# A question on PSD (positive semidefinite) completion

NaturePaper

Let $$A=\left[\begin{array}{ccccccc} |a_0|^2 &a_0\bar{a}_1 &a_0\bar{a}_2 &0 &a_0\bar{a}_3 &0&0\\ \bar{a}_0a_1 &|a_1|^2 & c &0 &a_1\bar{a}_3 &0&0\\ \bar{a}_0a_2 &\bar{c} &|a_2|^2 &0 &a_2\bar{a}_3 &0&0\\ 0 &0 &0 &0 &0 &0&0\\ \bar{a}_0a_3&\bar{a}_1a_3 &\bar{a}_2a_3 &0 &|a_3|^2 &0&0\\ 0 &0 &0 &0 &0 &0 &0 \\ 0 &0 &0 &0 &0 &0 &0 \end{array}\right]$$.

We note that if we choose $$c=a_1\bar{a}_2$$, then $$A=b^\dag b,\mbox{ with } b=(a_0~ a_1~ a_2~ 0~ a_3~ 0 ~0)^T$$ and hence A is PSD. Now my guess is there does not exists any other choice for c to make A PSD i.e., A is PSD iff $$c=a_1\bar{a}_2$$. Can anyone help me to prove (or give a counter example to ) this?
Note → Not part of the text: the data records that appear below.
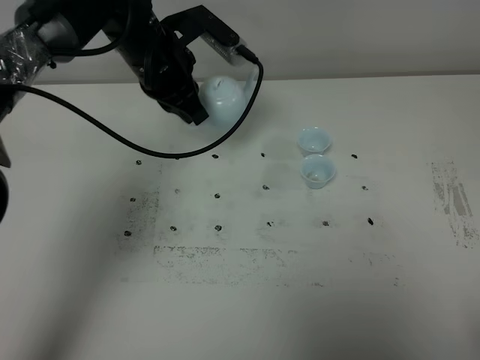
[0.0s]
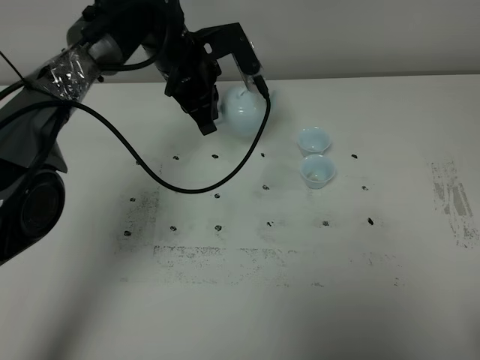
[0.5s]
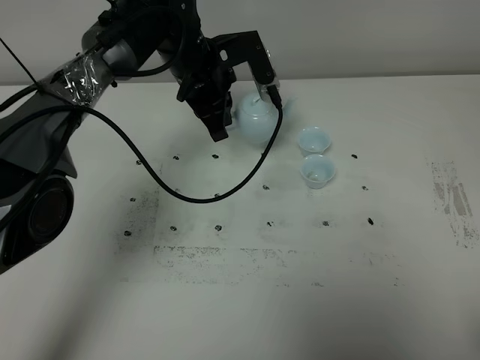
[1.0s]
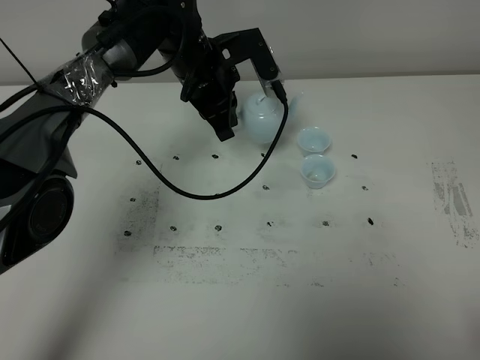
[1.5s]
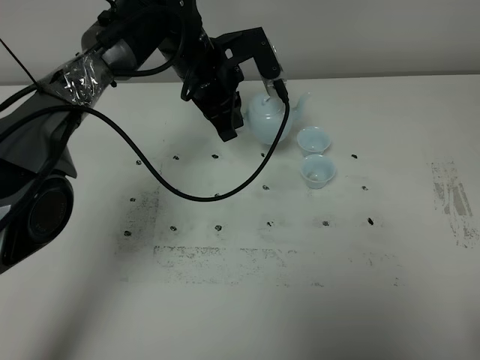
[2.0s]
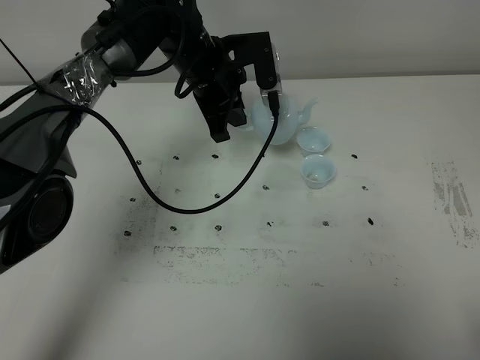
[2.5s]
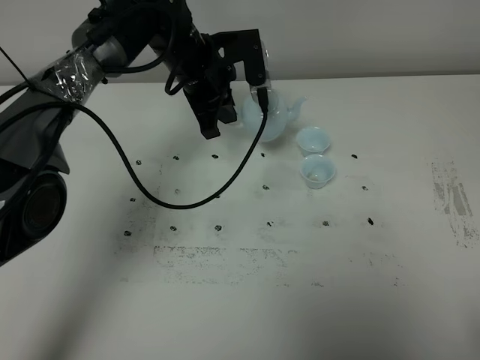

One can assume the additional condition Tr(A)=1. To give a counterexample, one can assume as many of $$a_i,\quad i=0,1,2,3$$ to be zero. Please help me.

## Answers and Replies

NaturePaper
Ya, I got a proof. Its a straightforward calculation and my answer is correct--no other choice of c can make A PSD. Can anybody give me an illusive (I mean a theorem...etc) proof to this?

NaturePaper
Oh...amazingly I found a nice proof which is applicable to not only this problem but for all such matrices (atleast three a_i nonzero) . The PSD completion is unique. The main key to the proof is the property that every principle minor should be non negative.